Authorities release details about Whitney Houston’s death, saying the singer was discovered underwater in the bathtub of a Beverly Hills hotel where she was pronounced dead. Several prescription drugs were found in Houston’s hotel room, but Los Angeles County coroner’s officials say it’s too soon to say whether the medications played any role in the singer’s death.
Whitney Houston is laid to rest on Feb. 18 at Fairview Cemetery in New Jersey. Her funeral, held at Newark’s New Hope Baptist Church, is closed to the public; however, the family provides a live feed of the church to the media. Kevin Costner, Alicia Keys and Stevie Wonder are among the famous guests to attend.
Houston’s ex-husband Bobby Brown leaves the funeral early after being asked to move several times.
Whitney Houston leaves her entire estate to her only child, Bobbi Kristina Brown. Bobbi Kristina will receive all of her mother’s money, furniture, clothing, personal effects, jewelry and cars.
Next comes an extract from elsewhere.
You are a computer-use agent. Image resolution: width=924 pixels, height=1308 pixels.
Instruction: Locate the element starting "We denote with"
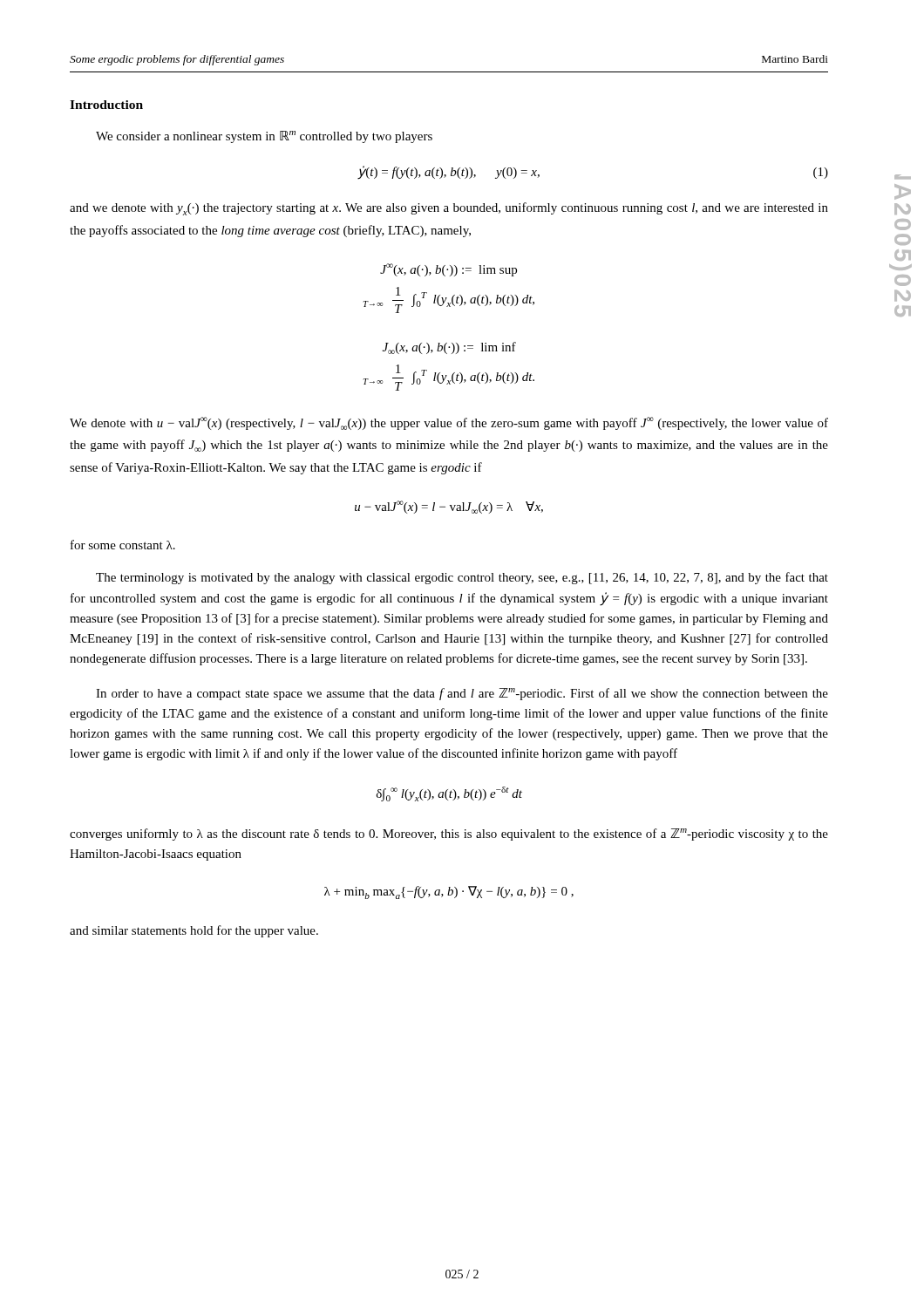449,444

The funds will be placed in a trust until the 19-year-old turns 21. Under the will, additional funds go to Bobbi Kristina on her 25th birthday with the balance released when she turns 30.
Death ruled accidental drowning
The Los Angeles County coroner rules Whitney Houston’s death an accidental drowning. The coroner says cocaine found in her system, as well as heart disease, contributed to the death. In addition to cocaine, an autopsy found traces of marijuana, Xanax, Flexeril and Benadryl, but officials conclude those drugs did not contribute to her death. Officials say Houston may have suffered a heart attack before the drowning.